Before we get to today’s question, I want to share some exciting news: My new book just came out! It’s called Growing Feelings: A Kids’ Guide to Dealing with Emotions about Friends and Other Kids. It’s a sequel to my book Growing Friendships: A Kids’ Guide to Making and Keeping Friends. These funny and useful books are available through your library or wherever you buy books.

OK, here’s today’s question:

My name’s Olivia, and I'm 13 years old, and I want to know, um what are the signs of knowing that you're in a fake friendship?

Hi, Olivia. That’s a very interesting question!

First, we have to talk about what it means to be a “fake” friend. To me, that’s someone who acts friendly toward us but is unkind at other times and doesn’t genuinely care about us. So they’re not really a friend.

Some examples of a fake friend might be someone who only acts friendly when they want something from us, or someone who’s nice to our face but blabs our secrets or says nasty things about us when we’re not around, or–here’s a tricky one–someone who’s kind when we’re struggling but withdraws when things are going well for us because they feel jealous or threatened, which means they don’t really wish us well.

The word “fake” implies that they’re trying to trick us. Be careful there–that’s mind-reading! Mind-reading means assuming we know what someone else is thinking. But we can’t know for sure what’s going on in someone else’s mind unless they tell us. What we imagine they’re thinking is only a guess, and it could be wrong. It’s important to remember that.

Your question makes me think that maybe something happened between you and a friend that made you doubt whether that friend really cares about you. Now, maybe they’re a fake friend, and they were trying to trick you, but there are other possibilities.

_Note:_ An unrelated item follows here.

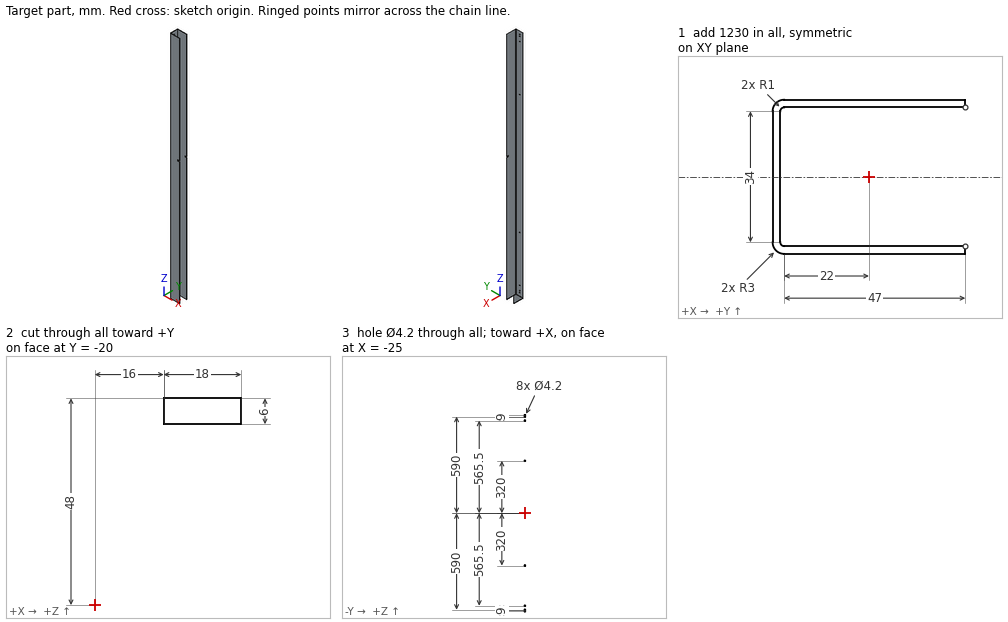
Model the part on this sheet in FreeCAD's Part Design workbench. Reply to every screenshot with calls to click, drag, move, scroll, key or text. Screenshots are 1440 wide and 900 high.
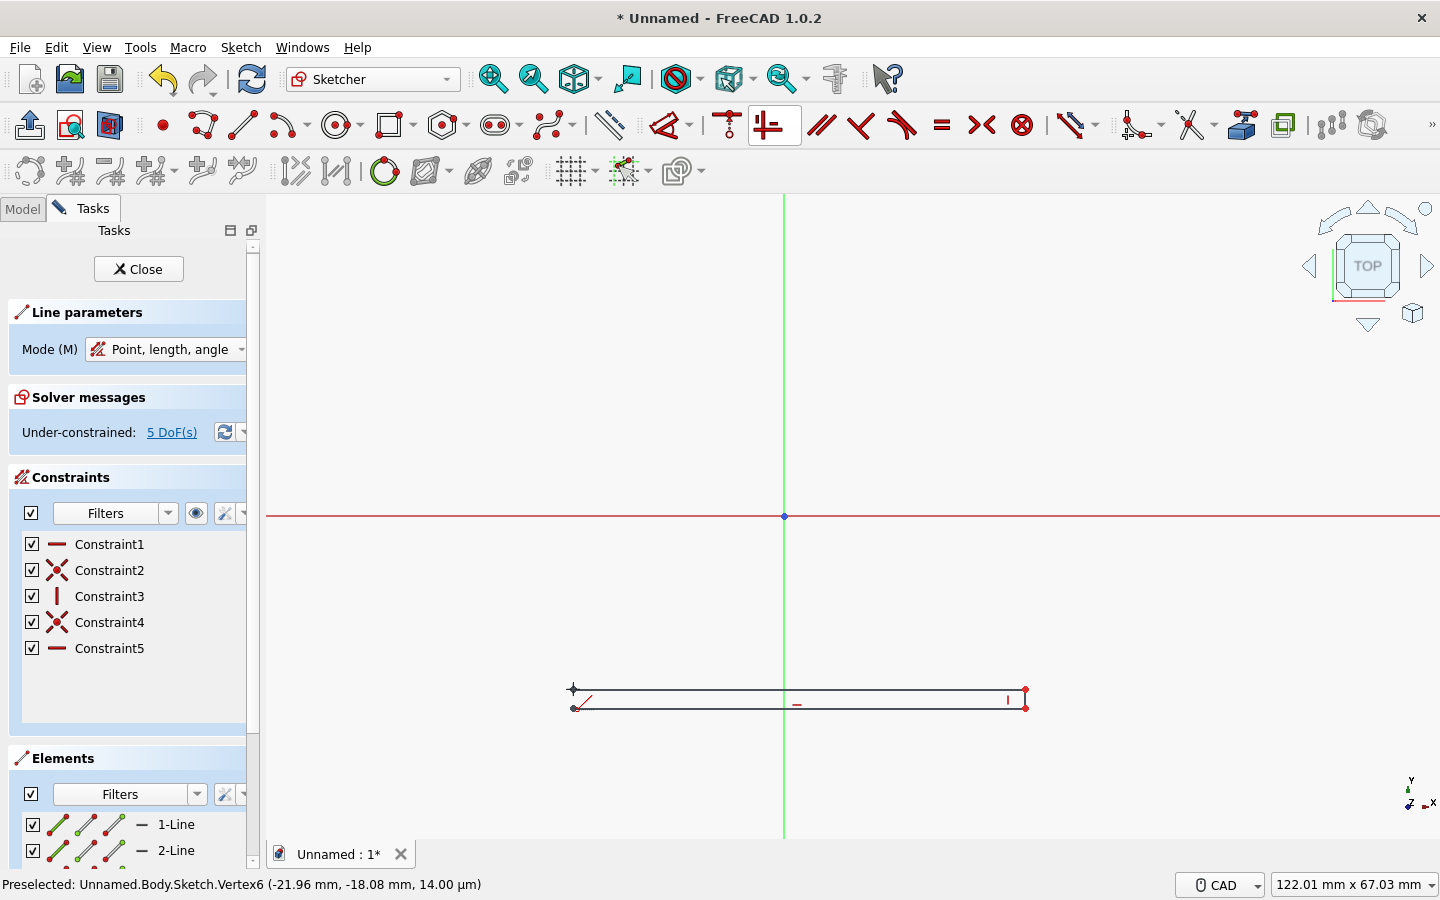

Maybe they care about you, but they made a mistake. That happens. None of us is perfect. Maybe your friend was upset and said or did something not-so-kind in the heat of the moment. Maybe they didn’t realize whatever it was would bother you. Maybe they just did something–without even thinking–that ended up hurting you, but they didn’t mean to.

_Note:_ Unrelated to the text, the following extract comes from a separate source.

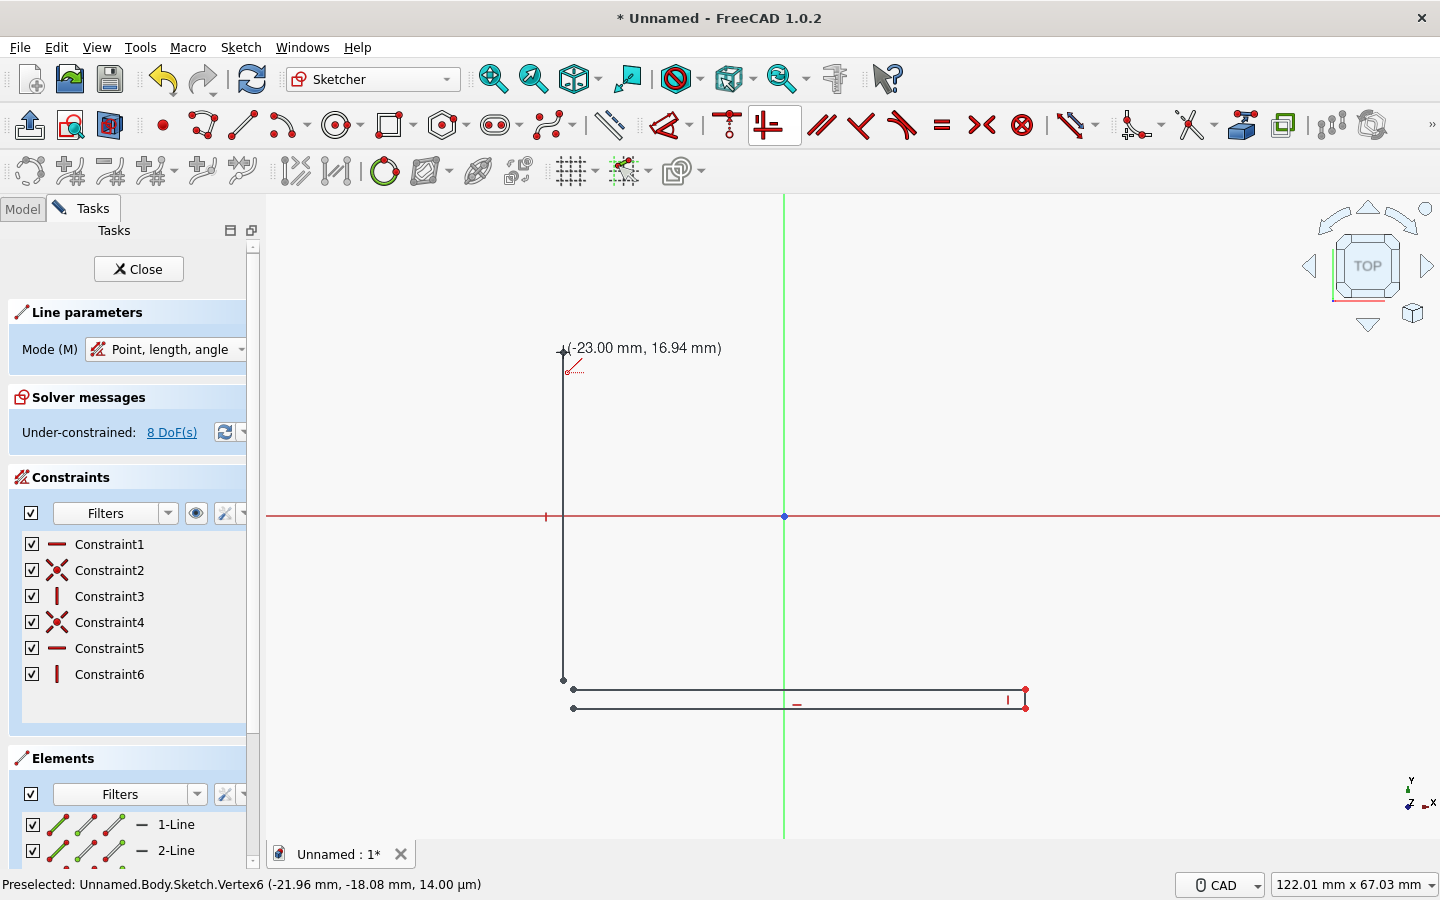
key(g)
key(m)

If that friend is usually kind, you may want to try talking things out. Listen to the friend’s perspective and also explain what bothered you and what you’d like them to do differently from now on.

Another possibility is that this isn’t a fake friendship; it’s a limited friendship. A limited friendship involves someone whose company you sometimes enjoy but not someone who you can count on no matter what. Not every friend is going to be a soul mate, and that’s okay. In limited friendships, kids like each other, but maybe they don’t know or like each other as much as they like other people, so there are limits on what they’ll do for each other.

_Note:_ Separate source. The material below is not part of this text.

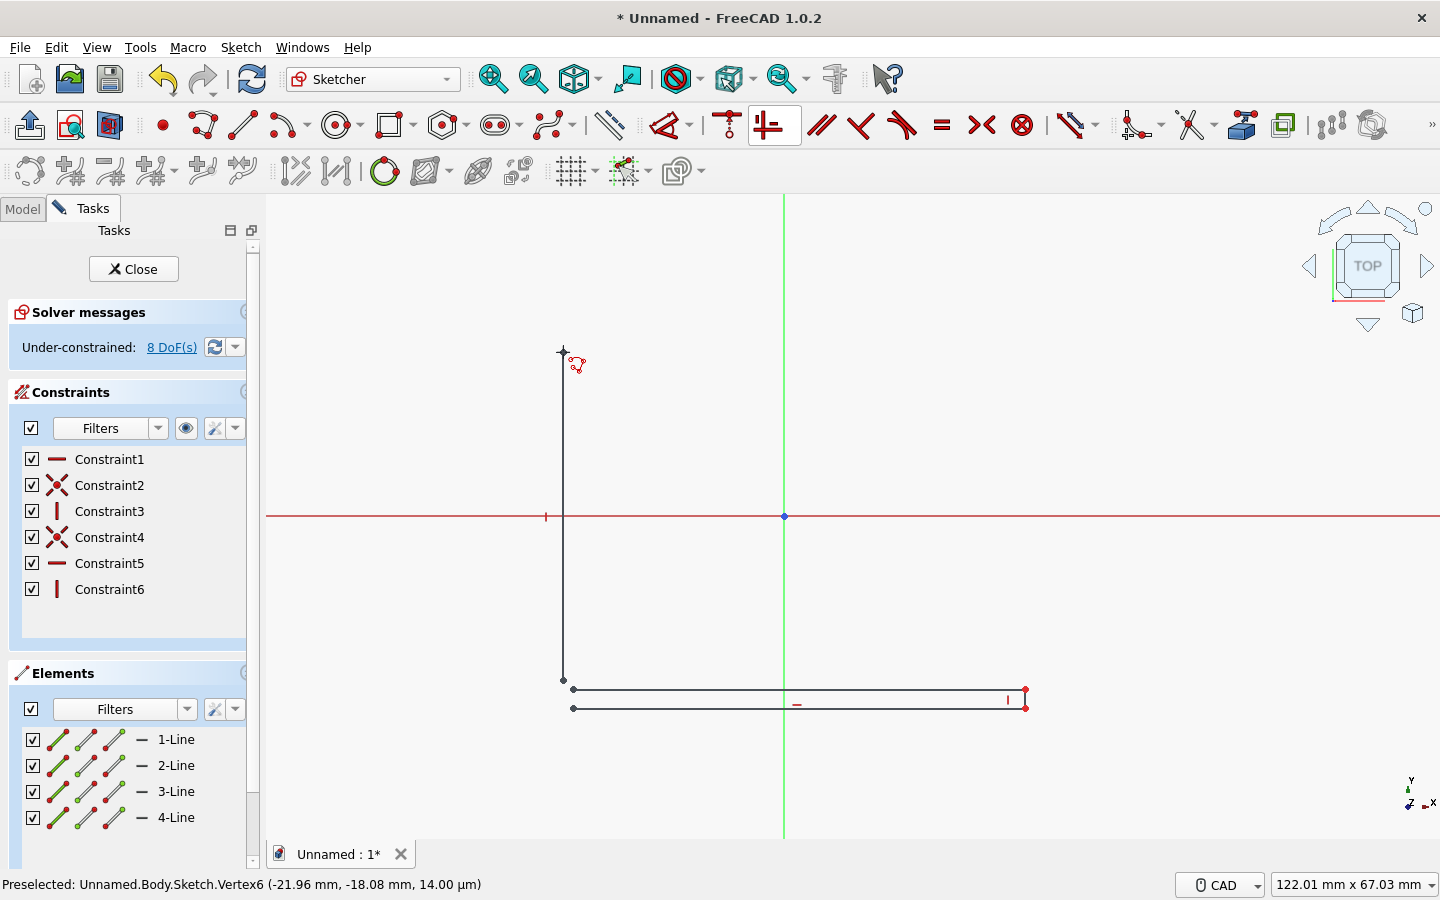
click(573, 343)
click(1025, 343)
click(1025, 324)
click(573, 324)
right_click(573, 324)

If you think this might be a limited friendship, then you might need to lower your expectations. Maybe someday the friendship will grow into a close friendship, but in the meantime, don’t expect this casual friend to act the same as a close friend. Try to figure out what you can or can’t count on from this friend. Also, think about what you can give this friend without feeling used or resentful.

For instance, maybe this is someone who you can enjoy chatting with at the bus stop but not someone you can trust with your secrets. Or maybe you’ll have fun hanging out with this friend when you’re together as part of a group but you’re not close enough to invite this friend for a sleepover.

Friendships are complicated, and they can change over time. You can have and enjoy lots of different kinds of friends, but the essential ingredients of any good friendship are caring about each other and enjoying being together.

This has been Kids Ask Dr. Friendtastic. If you have a question about making and keeping friends that you’d like me to answer, go to DrFriendtastic.com, and click on the podcast tab to see how to submit your question.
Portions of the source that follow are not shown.